The intracellular levels of cAMP are regulated by the activities of phosphodiesterases (PDE) 2 and 3, which are responsible for the hydrolysis of cyclic nucleotides and cross-talk between cAMP and cGMP pathways (64). In the simplest interpretation, elevation of amount and/or activity of these PDE would result in a decrease in cAMP levels, a situation associated generally with an increase in intact microvessel permeability to water and solutes (1,2,32,51). In several cultured endothelial models, and in the case of the porcine coronary venules, application of ADO resulted in no significant change in venular P_s despite the presence of ADO receptors, especially A_2AA and A_2AB, whose activation leads to elevation of cAMP. Since the receptors appear to be present in the venules, we hypothesize that either PDE activity differs in the venules and/or the distribution of the PDE isoforms differs between arterioles and venules. There is evidence that PDE isoforms are not evenly distributed along the vascular tree, as Sadhu and coworkers (58) demonstrated PDE2A in the endothelium of venules and capillaries, but not arterioles, for example. Whether the same is true in the coronary exchange microvascular bed remains to be determined.

The glycocalyx at the surface of vascular endothelial cells has been found to offer a significant resistance to macromolecular solute flux across the vascular barrier of coronary microvessels (27). Further, ADO has been shown to alter permeation of macromolecules into the glycocalyx, potentially altering the net permeation of the macromolecules, such as albumin across the walls of intact microvessels. Specifically, ADO suffusion decreased the ability of the glycocalyx to exclude 70-kDa FITC-dextran from an endothelial cell surface layer of capillaries of hamster cheek pouch (52). While it was shown that ADO still reduced P_s to albumin in arterioles isolated from pig hearts after enzyme treatment to remove the glycocalyx (27) it remains to be determined whether an ADO-induced decrease in the capacity of glycocalyx to exclude albumin is associated with increase in solute flux in coronary microvessels.

Physiological Significance

ADO levels in the heart increase significantly under pathophysiological conditions such as ischemia– reperfusion and inflammation, where hyperpermeability is frequently observed. Vascular hyperpermeability has been thought of as an early indicator of endothelial dysfunction. The distribution of changes in barrier function under conditions of high ADO implies a protective effect of ADO, since reducing P_s at the high pressure end of the coronary vasculature and not altering venular P_s will limit large molecule egress to the low-pressure side of the network. Therefore, the ability of ADO to induce a decrease in arteriolar P_s to albumin under conditions where ADO concentrations rise implies that ADO plays a role in improving or sustaining cardiovascular performance by limiting or slowing loss of barrier function in disease situations associated with endothelial dysfunction.

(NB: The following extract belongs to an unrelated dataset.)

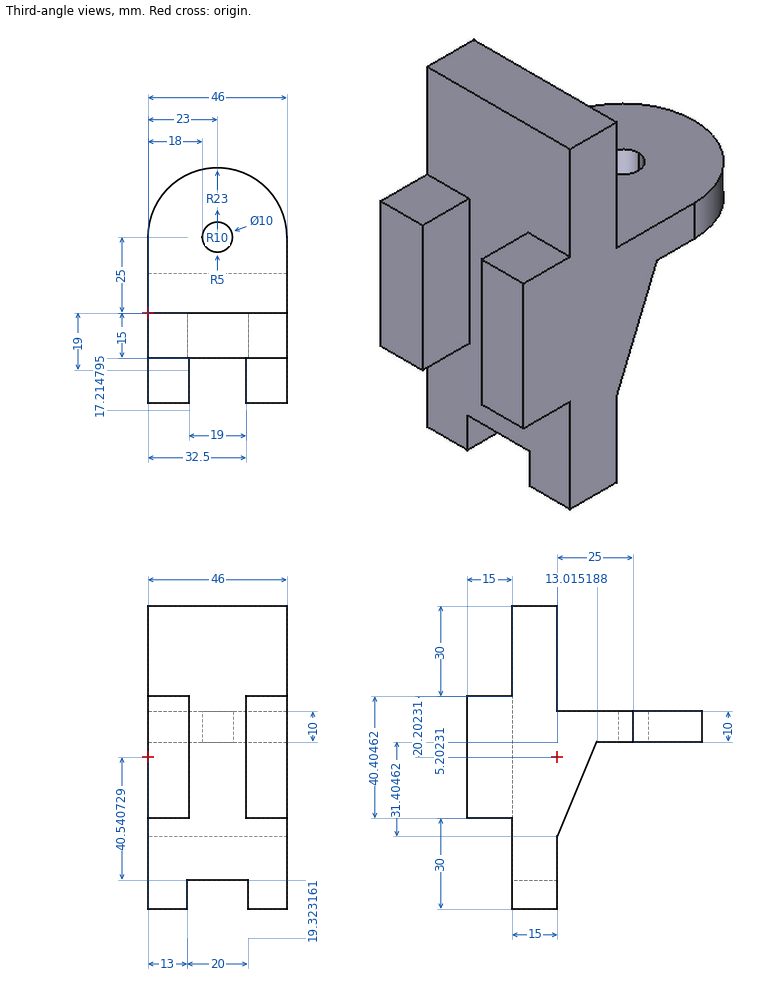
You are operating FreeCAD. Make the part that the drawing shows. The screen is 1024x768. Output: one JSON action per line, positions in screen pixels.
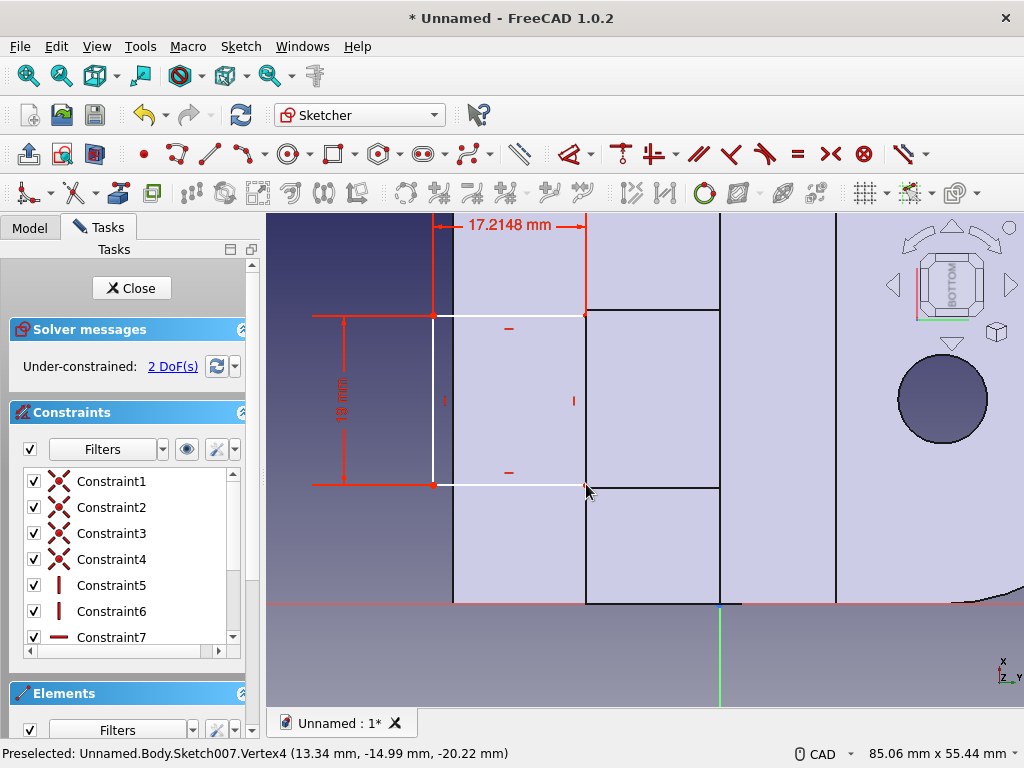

Most pharmacological studies suggest that A_2A receptor activation contributes predominantly to coronary arteriole vasodilatation. The molecular evidence for the existence of 3 receptor subtypes, A₁,A_2A, and A_2B, in coronary microvessels implies that the interaction of distinct ADO receptors or/and cellular signaling pathways following ADO binding to these receptors results in the regulation of vascular functions, including dilatation and permeability.

In summary, data from the present study indicate that ADO at physiological and pathophysiological concentrations modulates P_s of arterioles, but not venules, isolated from the hearts of sedentary pigs. The permeability responses to ADO suffusion are dose dependent and appear to be mediated by ADO A₁ and/or A₂ receptor activation. This study is the first to provide molecular evidence for the distribution of ADO receptor subtypes in porcine coronary arterioles and venules. Coexistence of ADO A₁,A_2A, and A_2B receptors in endothelial cells of coronary microvessels suggests that interaction of distinct ADO receptor subtypes contributes to change in solute permeability response to ADO.